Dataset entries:
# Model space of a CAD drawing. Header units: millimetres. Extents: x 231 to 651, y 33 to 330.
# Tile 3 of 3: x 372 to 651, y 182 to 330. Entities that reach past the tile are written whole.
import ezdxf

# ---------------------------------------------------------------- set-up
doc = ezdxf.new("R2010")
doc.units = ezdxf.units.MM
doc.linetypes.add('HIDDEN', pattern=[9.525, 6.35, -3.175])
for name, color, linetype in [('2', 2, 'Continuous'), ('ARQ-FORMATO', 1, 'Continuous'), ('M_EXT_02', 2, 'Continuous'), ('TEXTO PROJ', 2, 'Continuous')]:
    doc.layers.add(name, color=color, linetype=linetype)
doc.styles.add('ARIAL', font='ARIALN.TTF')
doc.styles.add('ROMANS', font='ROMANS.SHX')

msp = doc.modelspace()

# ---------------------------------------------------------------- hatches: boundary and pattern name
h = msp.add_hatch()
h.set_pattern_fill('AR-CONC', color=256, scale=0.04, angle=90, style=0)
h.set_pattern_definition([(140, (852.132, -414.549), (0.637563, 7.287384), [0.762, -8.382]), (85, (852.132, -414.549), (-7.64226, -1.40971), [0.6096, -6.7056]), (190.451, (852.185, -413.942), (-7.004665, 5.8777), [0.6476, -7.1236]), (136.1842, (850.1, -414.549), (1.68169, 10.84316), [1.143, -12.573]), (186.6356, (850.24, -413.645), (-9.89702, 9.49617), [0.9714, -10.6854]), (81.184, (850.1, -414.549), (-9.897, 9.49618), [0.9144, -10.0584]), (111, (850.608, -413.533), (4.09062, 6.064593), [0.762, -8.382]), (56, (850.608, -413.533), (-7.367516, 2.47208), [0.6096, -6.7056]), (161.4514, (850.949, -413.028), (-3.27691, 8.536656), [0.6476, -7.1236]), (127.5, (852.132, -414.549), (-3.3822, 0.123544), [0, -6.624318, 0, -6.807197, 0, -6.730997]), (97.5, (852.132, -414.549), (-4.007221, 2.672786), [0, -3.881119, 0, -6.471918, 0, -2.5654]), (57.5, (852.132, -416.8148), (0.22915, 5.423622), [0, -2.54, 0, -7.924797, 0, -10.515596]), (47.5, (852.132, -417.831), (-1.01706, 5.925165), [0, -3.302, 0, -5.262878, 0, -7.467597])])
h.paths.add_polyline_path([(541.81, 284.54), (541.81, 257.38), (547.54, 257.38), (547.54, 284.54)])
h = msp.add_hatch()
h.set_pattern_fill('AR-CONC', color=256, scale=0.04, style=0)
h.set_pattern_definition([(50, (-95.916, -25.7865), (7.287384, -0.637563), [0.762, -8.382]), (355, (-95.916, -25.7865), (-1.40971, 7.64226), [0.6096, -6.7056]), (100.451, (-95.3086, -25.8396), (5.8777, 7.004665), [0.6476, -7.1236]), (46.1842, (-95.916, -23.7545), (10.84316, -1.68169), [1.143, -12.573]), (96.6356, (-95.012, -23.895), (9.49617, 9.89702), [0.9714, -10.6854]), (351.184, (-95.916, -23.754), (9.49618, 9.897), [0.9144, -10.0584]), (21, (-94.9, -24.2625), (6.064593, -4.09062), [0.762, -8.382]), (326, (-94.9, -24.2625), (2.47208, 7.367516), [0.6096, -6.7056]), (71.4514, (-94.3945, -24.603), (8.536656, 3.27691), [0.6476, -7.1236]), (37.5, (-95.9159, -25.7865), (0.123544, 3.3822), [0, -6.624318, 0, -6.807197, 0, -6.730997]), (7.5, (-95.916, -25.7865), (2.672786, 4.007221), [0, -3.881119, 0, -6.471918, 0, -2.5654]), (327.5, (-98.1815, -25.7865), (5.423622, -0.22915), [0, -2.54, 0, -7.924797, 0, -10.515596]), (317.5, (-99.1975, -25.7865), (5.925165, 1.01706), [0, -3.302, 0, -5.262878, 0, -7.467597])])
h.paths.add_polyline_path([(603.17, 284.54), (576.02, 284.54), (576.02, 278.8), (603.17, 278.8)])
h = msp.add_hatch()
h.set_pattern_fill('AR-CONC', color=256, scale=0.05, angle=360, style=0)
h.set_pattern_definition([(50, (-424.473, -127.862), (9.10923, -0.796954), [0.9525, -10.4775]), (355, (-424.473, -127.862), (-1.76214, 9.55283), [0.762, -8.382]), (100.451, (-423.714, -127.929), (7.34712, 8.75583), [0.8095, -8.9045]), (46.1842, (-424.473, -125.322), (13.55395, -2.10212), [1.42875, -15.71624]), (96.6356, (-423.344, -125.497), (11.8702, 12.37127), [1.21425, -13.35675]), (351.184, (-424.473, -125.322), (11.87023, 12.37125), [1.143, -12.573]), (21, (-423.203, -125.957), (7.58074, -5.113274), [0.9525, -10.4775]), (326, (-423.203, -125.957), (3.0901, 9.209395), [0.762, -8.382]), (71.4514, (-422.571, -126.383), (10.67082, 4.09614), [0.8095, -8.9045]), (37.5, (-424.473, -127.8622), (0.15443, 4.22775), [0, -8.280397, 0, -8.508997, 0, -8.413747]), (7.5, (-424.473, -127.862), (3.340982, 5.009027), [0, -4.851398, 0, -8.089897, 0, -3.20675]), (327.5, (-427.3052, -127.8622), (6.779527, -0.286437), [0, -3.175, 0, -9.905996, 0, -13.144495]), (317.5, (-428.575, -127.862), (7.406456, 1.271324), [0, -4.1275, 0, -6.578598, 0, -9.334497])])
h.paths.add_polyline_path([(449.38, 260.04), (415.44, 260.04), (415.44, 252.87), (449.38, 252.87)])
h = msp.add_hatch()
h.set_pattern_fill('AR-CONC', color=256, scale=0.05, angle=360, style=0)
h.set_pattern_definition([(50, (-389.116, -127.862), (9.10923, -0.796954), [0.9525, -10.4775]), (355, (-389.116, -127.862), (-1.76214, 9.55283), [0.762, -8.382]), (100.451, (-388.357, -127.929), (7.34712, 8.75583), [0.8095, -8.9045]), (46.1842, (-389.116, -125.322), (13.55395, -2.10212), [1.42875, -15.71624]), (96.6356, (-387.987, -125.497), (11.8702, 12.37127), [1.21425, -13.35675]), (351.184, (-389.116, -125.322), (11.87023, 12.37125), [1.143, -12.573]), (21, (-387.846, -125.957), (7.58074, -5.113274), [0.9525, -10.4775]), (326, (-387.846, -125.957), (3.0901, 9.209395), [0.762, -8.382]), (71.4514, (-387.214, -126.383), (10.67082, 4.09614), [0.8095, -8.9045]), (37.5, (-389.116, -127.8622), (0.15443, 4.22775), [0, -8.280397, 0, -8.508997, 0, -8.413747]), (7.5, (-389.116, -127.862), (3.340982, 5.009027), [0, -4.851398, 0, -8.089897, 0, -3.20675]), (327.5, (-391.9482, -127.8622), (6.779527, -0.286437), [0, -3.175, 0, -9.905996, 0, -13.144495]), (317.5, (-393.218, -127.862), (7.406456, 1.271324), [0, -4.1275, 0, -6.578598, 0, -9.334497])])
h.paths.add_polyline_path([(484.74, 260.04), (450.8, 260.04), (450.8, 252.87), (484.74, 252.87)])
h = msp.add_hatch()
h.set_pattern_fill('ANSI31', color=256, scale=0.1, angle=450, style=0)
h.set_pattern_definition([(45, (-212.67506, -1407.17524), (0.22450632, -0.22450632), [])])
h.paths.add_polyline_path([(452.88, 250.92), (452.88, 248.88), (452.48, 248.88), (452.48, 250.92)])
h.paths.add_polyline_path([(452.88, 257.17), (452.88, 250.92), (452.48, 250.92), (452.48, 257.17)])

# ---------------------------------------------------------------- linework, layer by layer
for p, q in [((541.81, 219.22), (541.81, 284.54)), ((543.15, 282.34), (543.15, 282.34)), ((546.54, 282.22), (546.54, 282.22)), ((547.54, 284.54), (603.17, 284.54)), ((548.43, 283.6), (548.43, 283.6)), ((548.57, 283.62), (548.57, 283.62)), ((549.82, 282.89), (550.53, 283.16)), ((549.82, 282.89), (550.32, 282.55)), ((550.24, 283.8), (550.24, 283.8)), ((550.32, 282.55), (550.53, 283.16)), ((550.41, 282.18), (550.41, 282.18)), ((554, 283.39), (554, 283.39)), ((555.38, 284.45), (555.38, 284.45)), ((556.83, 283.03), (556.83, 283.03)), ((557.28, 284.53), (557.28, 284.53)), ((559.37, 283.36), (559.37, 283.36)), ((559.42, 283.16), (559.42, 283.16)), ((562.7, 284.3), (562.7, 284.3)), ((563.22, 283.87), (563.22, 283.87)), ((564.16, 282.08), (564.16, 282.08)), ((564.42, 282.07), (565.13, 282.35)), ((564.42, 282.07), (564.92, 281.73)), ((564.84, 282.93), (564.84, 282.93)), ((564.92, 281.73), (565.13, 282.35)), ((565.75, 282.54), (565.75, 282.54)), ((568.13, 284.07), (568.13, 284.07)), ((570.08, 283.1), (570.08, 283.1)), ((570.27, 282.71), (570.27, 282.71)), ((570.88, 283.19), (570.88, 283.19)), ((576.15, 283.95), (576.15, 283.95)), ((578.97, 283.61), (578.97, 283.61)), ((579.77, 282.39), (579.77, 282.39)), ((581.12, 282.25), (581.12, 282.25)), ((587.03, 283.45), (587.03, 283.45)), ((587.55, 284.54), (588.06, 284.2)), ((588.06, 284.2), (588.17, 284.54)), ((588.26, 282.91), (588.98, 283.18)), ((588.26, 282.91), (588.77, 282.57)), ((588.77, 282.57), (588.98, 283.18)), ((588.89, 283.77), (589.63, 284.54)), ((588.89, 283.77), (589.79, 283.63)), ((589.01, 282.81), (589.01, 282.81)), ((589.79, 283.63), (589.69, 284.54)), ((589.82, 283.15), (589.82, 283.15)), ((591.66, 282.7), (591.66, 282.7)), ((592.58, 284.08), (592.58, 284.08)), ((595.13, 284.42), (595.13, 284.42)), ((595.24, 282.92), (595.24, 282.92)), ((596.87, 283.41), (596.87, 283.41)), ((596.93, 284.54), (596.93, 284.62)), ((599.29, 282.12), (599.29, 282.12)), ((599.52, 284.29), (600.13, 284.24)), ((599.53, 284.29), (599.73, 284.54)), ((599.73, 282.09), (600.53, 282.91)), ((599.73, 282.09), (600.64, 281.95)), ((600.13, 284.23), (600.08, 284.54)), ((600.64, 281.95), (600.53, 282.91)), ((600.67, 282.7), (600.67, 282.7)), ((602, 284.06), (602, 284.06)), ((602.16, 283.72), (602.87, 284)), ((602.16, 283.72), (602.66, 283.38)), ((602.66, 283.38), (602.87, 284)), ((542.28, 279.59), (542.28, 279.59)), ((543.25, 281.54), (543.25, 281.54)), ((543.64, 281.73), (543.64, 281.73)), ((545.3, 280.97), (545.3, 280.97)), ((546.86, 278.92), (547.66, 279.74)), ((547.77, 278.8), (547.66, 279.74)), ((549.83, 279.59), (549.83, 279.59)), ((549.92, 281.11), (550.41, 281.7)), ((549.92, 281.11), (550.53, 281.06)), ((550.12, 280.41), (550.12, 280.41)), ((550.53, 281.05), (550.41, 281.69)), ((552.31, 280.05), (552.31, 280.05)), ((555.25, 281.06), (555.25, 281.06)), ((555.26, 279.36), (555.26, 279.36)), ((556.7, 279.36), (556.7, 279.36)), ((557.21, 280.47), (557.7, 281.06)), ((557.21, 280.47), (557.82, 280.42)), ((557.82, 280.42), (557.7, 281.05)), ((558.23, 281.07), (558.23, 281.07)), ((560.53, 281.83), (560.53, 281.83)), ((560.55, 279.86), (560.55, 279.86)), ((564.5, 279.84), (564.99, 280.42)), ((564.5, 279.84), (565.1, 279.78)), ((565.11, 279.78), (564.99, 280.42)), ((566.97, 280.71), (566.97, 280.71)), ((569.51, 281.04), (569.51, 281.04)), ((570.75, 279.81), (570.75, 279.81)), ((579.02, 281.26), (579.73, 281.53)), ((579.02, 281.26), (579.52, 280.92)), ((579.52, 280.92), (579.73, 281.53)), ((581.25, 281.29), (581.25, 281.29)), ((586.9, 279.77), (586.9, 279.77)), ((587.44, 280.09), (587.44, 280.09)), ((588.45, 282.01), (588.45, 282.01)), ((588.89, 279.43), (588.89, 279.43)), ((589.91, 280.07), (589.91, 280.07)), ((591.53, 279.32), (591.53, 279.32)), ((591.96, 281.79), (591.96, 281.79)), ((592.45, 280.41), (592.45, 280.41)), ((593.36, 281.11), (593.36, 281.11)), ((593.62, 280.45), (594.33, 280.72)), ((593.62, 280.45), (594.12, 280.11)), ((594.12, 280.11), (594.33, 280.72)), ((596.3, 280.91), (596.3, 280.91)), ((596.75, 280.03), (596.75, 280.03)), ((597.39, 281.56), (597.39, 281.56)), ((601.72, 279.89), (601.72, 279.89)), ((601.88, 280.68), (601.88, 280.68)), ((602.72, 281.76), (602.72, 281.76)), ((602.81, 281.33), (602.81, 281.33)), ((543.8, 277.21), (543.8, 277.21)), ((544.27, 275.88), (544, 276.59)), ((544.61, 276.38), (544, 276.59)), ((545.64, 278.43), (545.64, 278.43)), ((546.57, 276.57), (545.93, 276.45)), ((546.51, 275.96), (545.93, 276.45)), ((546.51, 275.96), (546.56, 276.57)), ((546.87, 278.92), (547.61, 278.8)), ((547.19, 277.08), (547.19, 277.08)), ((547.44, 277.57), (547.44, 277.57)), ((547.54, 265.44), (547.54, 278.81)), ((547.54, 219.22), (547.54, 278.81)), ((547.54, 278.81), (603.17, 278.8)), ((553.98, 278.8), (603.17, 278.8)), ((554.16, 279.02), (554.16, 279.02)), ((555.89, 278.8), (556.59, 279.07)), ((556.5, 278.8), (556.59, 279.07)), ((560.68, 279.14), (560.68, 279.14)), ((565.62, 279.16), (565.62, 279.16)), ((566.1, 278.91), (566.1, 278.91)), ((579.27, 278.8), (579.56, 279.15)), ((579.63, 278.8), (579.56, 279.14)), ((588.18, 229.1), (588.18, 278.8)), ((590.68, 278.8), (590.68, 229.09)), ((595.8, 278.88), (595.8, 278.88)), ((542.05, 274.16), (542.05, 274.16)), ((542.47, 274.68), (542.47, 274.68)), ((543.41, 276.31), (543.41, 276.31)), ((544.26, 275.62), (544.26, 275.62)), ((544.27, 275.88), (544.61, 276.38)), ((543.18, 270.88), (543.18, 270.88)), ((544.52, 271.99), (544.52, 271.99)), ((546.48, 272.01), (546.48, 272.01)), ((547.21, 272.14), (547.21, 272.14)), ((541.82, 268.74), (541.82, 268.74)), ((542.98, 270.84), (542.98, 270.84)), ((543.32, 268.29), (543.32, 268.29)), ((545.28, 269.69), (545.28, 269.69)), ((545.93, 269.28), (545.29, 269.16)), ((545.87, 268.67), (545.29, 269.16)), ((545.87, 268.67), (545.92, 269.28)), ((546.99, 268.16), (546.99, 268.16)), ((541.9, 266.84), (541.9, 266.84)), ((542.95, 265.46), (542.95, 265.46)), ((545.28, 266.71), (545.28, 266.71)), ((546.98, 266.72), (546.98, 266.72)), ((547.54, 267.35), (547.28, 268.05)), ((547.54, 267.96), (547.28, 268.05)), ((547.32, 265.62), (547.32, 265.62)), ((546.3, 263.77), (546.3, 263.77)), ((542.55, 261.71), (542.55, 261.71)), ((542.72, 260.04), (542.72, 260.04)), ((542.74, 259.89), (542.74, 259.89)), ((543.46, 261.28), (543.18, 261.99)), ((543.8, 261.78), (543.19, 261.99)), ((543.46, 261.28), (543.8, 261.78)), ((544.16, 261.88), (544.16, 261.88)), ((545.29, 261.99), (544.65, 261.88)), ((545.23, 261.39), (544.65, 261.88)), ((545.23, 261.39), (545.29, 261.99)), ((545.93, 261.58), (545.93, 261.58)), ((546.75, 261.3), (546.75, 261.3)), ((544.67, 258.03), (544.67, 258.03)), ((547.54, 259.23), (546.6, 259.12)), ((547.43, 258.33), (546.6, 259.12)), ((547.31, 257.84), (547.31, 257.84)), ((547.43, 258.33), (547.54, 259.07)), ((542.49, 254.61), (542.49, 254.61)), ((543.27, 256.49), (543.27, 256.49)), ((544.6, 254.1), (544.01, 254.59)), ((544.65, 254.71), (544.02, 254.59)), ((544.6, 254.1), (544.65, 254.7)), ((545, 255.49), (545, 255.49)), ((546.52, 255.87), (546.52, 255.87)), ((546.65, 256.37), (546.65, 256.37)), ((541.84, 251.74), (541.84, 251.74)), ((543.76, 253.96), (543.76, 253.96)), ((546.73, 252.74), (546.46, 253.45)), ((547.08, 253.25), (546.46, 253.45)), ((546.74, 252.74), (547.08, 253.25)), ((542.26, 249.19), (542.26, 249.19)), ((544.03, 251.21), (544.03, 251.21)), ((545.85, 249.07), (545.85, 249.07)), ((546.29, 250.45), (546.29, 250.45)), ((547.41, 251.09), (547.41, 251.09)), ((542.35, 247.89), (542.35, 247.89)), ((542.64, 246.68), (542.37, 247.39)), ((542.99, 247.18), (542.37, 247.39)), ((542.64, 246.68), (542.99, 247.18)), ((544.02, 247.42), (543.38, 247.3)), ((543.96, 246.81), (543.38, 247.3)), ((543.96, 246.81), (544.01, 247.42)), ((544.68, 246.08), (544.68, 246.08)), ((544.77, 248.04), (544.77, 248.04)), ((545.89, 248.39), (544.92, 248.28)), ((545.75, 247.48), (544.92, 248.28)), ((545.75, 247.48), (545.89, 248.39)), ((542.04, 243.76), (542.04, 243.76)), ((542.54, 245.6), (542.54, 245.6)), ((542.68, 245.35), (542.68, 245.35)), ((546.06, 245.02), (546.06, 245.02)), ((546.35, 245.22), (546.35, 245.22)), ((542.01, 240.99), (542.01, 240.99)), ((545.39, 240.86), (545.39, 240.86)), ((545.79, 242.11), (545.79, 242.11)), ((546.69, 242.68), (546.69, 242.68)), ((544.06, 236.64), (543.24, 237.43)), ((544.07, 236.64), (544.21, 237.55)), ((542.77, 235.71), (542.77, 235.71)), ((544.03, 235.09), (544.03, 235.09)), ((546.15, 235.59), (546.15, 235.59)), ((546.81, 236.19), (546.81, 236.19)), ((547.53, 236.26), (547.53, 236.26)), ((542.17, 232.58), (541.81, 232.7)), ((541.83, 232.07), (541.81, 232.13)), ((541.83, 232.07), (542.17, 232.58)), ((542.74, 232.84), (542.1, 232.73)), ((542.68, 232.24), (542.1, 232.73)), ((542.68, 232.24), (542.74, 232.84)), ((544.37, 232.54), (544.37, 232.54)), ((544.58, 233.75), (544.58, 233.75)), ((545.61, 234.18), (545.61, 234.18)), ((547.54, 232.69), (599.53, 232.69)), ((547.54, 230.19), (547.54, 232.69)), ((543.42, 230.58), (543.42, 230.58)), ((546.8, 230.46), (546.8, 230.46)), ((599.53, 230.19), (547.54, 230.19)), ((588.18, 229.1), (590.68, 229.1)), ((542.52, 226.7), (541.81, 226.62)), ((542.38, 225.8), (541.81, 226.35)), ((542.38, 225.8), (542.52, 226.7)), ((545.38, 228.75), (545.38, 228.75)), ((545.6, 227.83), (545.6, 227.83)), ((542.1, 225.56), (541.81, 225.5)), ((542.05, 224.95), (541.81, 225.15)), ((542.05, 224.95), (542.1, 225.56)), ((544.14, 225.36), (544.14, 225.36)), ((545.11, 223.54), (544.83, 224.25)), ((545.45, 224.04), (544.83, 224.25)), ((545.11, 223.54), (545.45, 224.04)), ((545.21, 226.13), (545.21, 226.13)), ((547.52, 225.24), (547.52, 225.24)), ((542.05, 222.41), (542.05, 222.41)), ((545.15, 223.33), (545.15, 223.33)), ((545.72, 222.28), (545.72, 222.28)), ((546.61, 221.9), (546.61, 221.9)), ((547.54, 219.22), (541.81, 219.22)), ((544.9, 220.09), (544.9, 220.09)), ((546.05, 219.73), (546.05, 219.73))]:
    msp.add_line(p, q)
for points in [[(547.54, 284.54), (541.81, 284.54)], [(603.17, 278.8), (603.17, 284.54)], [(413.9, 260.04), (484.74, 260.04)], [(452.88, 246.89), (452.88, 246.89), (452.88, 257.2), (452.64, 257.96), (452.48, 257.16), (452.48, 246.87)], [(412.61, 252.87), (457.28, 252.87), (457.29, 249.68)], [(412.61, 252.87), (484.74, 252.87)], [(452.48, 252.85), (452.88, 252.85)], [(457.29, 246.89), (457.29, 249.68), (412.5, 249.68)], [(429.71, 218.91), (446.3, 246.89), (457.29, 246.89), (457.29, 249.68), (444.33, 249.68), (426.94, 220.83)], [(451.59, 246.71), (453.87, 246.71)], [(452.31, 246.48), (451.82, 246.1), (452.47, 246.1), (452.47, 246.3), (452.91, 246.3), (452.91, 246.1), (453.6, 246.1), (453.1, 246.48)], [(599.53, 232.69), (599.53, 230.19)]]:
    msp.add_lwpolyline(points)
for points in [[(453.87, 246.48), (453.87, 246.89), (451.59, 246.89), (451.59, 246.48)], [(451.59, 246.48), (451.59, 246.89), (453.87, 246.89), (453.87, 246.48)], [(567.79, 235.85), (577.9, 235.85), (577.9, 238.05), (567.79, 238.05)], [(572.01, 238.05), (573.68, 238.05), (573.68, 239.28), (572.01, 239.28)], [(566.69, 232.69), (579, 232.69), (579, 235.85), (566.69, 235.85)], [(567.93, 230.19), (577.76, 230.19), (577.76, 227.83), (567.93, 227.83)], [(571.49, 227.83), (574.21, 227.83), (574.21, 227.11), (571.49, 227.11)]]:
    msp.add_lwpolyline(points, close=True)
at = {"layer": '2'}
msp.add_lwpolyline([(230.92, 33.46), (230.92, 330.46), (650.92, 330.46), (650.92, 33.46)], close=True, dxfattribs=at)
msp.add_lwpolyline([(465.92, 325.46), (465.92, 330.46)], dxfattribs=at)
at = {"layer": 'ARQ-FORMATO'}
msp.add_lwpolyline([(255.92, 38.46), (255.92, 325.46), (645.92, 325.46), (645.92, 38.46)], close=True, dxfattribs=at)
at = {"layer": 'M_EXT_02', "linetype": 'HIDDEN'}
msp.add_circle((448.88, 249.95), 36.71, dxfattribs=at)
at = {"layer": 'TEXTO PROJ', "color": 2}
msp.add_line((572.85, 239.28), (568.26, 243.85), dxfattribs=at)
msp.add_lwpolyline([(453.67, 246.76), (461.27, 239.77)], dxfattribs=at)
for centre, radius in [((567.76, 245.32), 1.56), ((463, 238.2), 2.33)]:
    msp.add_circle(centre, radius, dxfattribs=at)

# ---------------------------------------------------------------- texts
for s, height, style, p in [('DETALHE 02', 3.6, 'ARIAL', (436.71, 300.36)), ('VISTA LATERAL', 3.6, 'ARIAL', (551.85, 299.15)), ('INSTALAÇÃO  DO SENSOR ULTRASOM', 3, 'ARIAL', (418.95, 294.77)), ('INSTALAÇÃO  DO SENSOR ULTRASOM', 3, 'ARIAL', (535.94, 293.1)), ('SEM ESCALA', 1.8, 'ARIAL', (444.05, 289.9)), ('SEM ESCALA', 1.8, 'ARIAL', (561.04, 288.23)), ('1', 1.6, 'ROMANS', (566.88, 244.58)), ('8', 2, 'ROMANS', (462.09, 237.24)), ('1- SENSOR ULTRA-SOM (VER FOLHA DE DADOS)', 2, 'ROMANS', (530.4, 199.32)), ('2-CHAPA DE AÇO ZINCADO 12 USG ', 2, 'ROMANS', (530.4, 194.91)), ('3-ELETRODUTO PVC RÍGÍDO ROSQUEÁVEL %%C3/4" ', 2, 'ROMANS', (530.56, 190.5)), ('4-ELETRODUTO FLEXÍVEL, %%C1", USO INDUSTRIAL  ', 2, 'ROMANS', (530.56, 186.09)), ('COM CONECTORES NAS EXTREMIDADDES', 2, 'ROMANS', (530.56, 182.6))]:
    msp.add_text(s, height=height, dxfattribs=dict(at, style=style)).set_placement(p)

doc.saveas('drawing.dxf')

» TASK ITEM: The reply should consist solely of the lines above from the one that has "257.38), (547.54, 284.54)])" through the one that has "h.set_pattern_fill('AR-CONC', color=256, scale=0.04, style=0)", reproduced exactly.

» SOLUTION:
h.paths.add_polyline_path([(541.81, 284.54), (541.81, 257.38), (547.54, 257.38), (547.54, 284.54)])
h = msp.add_hatch()
h.set_pattern_fill('AR-CONC', color=256, scale=0.04, style=0)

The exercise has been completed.